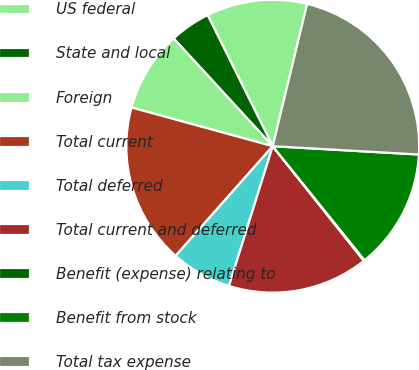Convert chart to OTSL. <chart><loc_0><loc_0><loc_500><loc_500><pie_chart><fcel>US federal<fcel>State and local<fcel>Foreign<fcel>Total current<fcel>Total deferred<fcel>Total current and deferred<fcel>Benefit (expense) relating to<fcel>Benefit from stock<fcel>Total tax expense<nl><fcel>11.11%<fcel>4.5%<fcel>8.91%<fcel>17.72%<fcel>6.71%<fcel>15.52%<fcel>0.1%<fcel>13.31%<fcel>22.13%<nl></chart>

---

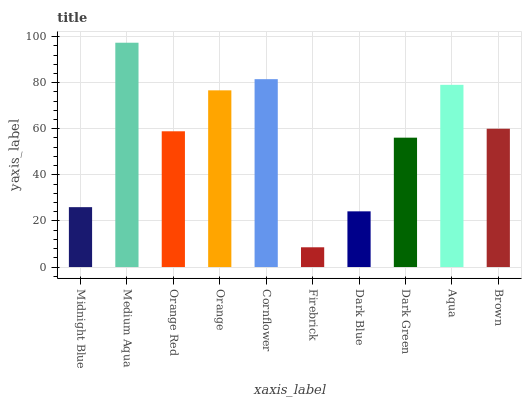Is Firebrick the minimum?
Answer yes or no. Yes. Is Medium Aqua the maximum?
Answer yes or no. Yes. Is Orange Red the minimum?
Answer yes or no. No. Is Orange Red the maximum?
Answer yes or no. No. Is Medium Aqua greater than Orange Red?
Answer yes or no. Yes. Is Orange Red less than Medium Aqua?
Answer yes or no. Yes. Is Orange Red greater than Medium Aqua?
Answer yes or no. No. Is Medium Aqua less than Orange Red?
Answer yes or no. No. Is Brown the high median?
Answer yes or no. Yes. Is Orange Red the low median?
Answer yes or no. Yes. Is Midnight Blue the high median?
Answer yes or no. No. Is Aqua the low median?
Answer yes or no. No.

## DIRECTIONS:
Go through the material above and count the lines that contain "greater"; give that number alone.

## EXERCISE SOLUTION:
2